#### [What you have to do]
Output the data below exactly as it is, dropping the pictures from your copy.

(Entries taken from a collection)
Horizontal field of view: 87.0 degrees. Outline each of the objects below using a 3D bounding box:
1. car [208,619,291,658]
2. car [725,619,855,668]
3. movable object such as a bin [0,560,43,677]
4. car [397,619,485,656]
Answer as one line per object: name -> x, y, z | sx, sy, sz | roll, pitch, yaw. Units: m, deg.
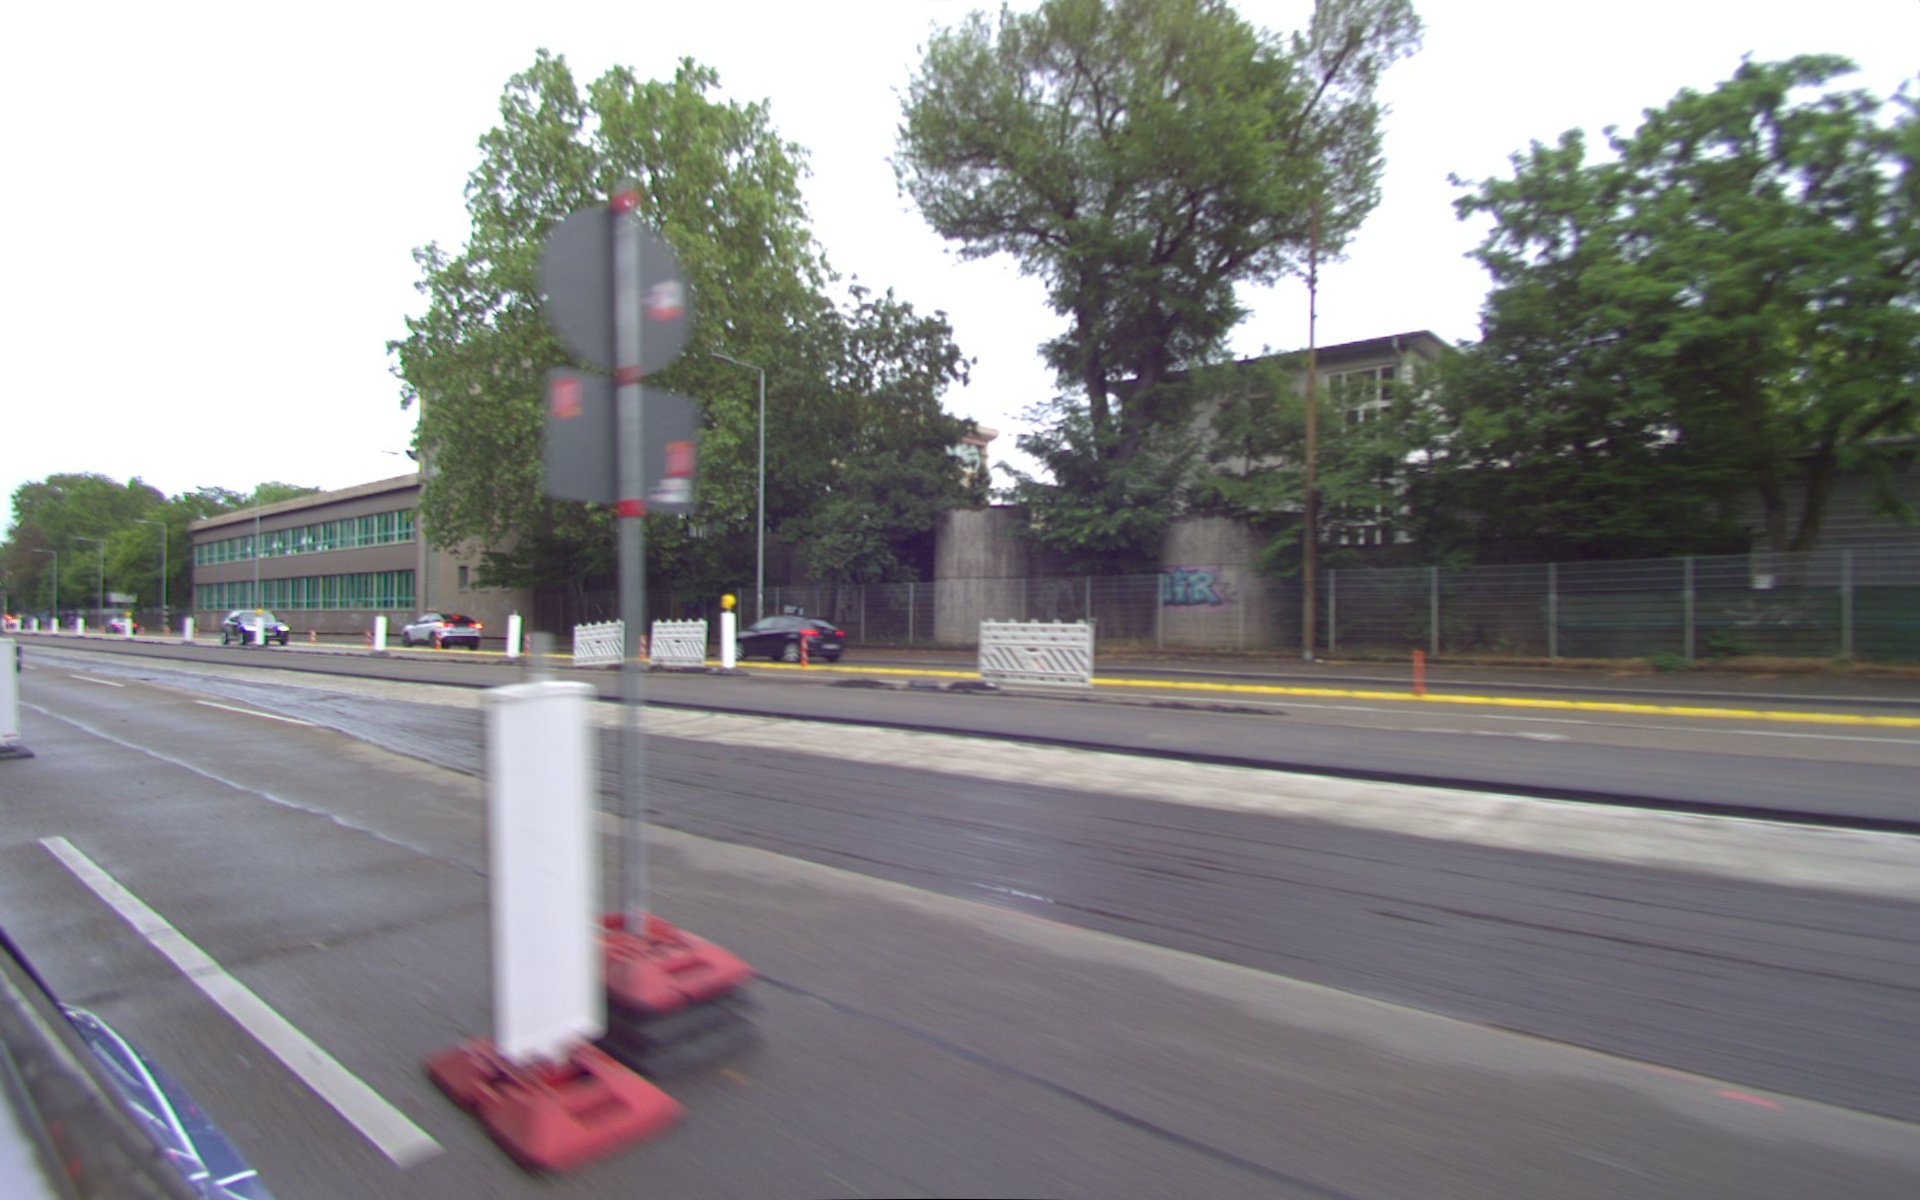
car -> -33.958, 1.888, 48.324 | 4.980, 1.719, 1.973 | -3, -6, 40
car -> -5.258, 1.304, 31.084 | 4.167, 1.393, 1.688 | -1, -2, 41
movable object such as a bin -> -27.877, 0.527, 28.613 | 5.616, 3.125, 1.974 | -1, -1, 38
car -> -21.552, 1.518, 41.953 | 4.146, 1.445, 1.817 | -1, -1, 41
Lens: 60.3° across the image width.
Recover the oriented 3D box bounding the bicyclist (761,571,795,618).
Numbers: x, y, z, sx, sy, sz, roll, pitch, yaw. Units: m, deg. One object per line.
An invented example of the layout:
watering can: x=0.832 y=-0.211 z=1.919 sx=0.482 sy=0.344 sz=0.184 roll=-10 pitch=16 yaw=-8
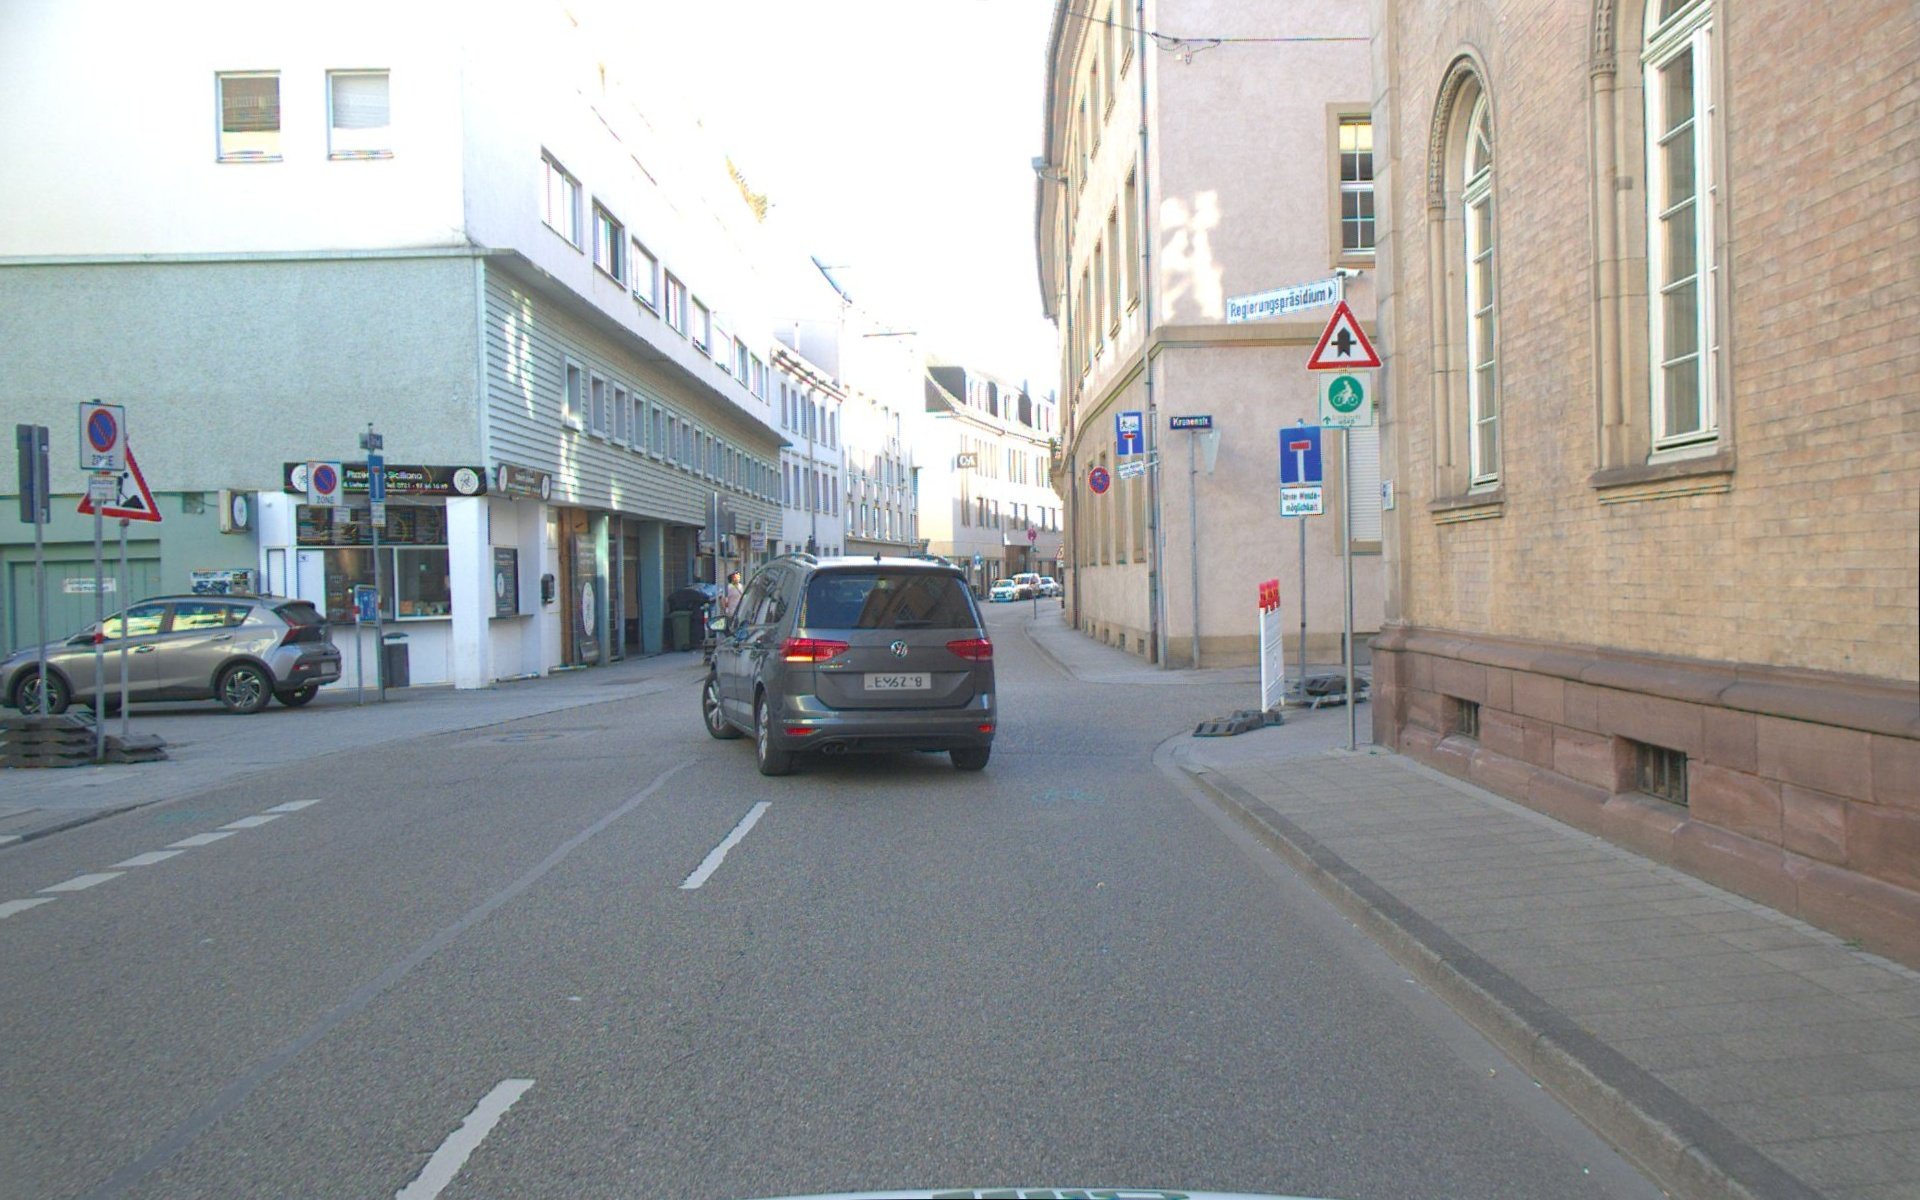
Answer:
bicyclist: x=-6.193 y=-0.179 z=56.280 sx=0.743 sy=1.589 sz=0.831 roll=-1 pitch=1 yaw=33

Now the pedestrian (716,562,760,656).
pedestrian: x=-4.454 y=0.166 z=33.239 sx=0.544 sy=1.861 sz=0.731 roll=-1 pitch=0 yaw=22

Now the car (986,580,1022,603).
car: x=2.990 y=-0.608 z=112.141 sx=1.697 sy=1.493 sz=4.004 roll=-1 pitch=1 yaw=13

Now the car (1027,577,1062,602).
car: x=6.367 y=-0.794 z=124.239 sx=1.787 sy=1.756 sz=4.003 roll=-1 pitch=1 yaw=16

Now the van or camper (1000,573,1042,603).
van or camper: x=4.384 y=-0.865 z=117.904 sx=1.951 sy=2.049 sz=5.003 roll=-1 pitch=1 yaw=15

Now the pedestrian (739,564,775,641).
pedestrian: x=-4.975 y=0.065 z=40.550 sx=0.544 sy=1.861 sz=0.731 roll=-1 pitch=0 yaw=22

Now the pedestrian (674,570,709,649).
pedestrian: x=-6.393 y=0.220 z=39.390 sx=0.713 sy=1.861 sz=0.557 roll=-1 pitch=0 yaw=-2

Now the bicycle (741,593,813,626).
bicycle: x=-6.244 y=0.329 z=56.322 sx=2.496 sy=1.072 sz=0.831 roll=0 pitch=1 yaw=33

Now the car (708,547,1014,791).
car: x=-0.965 y=0.436 z=13.514 sx=1.733 sy=1.635 sz=3.985 roll=-2 pitch=1 yaw=-15

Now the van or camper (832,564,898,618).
van or camper: x=-3.726 y=-0.377 z=65.549 sx=1.951 sy=2.049 sz=4.486 roll=-1 pitch=1 yaw=5

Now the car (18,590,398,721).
car: x=-9.717 y=0.690 z=21.625 sx=4.014 sy=1.468 sz=1.948 roll=-2 pitch=1 yaw=0

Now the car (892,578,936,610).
car: x=-2.254 y=-0.338 z=81.767 sx=1.826 sy=1.494 sz=3.836 roll=-1 pitch=1 yaw=4

#### [The answer]
Horizontal field of view: 87.0 degrees. Outline each of the objects below using a 3D bounding box:
1. car [208,619,291,658]
2. car [725,619,855,668]
3. movable object such as a bin [0,560,43,677]
4. car [397,619,485,656]
Answer as one line per object: name -> x, y, z | sx, sy, sz | roll, pitch, yaw. Units: m, deg.
car -> -33.958, 1.888, 48.324 | 4.980, 1.719, 1.973 | -3, -6, 40
car -> -5.258, 1.304, 31.084 | 4.167, 1.393, 1.688 | -1, -2, 41
movable object such as a bin -> -27.877, 0.527, 28.613 | 5.616, 3.125, 1.974 | -1, -1, 38
car -> -21.552, 1.518, 41.953 | 4.146, 1.445, 1.817 | -1, -1, 41
Lens: 60.3° across the image width.
Recover the oriented 3D box bounding the bicyclist (761,571,795,618).
Numbers: x, y, z, sx, sy, sz, roll, pitch, yaw. Units: m, deg. One object per line.
An invented example of the layout:
watering can: x=0.832 y=-0.211 z=1.919 sx=0.482 sy=0.344 sz=0.184 roll=-10 pitch=16 yaw=-8
Answer:
bicyclist: x=-6.193 y=-0.179 z=56.280 sx=0.743 sy=1.589 sz=0.831 roll=-1 pitch=1 yaw=33

Now the pedestrian (716,562,760,656).
pedestrian: x=-4.454 y=0.166 z=33.239 sx=0.544 sy=1.861 sz=0.731 roll=-1 pitch=0 yaw=22

Now the car (986,580,1022,603).
car: x=2.990 y=-0.608 z=112.141 sx=1.697 sy=1.493 sz=4.004 roll=-1 pitch=1 yaw=13

Now the car (1027,577,1062,602).
car: x=6.367 y=-0.794 z=124.239 sx=1.787 sy=1.756 sz=4.003 roll=-1 pitch=1 yaw=16

Now the van or camper (1000,573,1042,603).
van or camper: x=4.384 y=-0.865 z=117.904 sx=1.951 sy=2.049 sz=5.003 roll=-1 pitch=1 yaw=15

Now the pedestrian (739,564,775,641).
pedestrian: x=-4.975 y=0.065 z=40.550 sx=0.544 sy=1.861 sz=0.731 roll=-1 pitch=0 yaw=22

Now the pedestrian (674,570,709,649).
pedestrian: x=-6.393 y=0.220 z=39.390 sx=0.713 sy=1.861 sz=0.557 roll=-1 pitch=0 yaw=-2

Now the bicycle (741,593,813,626).
bicycle: x=-6.244 y=0.329 z=56.322 sx=2.496 sy=1.072 sz=0.831 roll=0 pitch=1 yaw=33

Now the car (708,547,1014,791).
car: x=-0.965 y=0.436 z=13.514 sx=1.733 sy=1.635 sz=3.985 roll=-2 pitch=1 yaw=-15

Now the van or camper (832,564,898,618).
van or camper: x=-3.726 y=-0.377 z=65.549 sx=1.951 sy=2.049 sz=4.486 roll=-1 pitch=1 yaw=5

Now the car (18,590,398,721).
car: x=-9.717 y=0.690 z=21.625 sx=4.014 sy=1.468 sz=1.948 roll=-2 pitch=1 yaw=0

Now the car (892,578,936,610).
car: x=-2.254 y=-0.338 z=81.767 sx=1.826 sy=1.494 sz=3.836 roll=-1 pitch=1 yaw=4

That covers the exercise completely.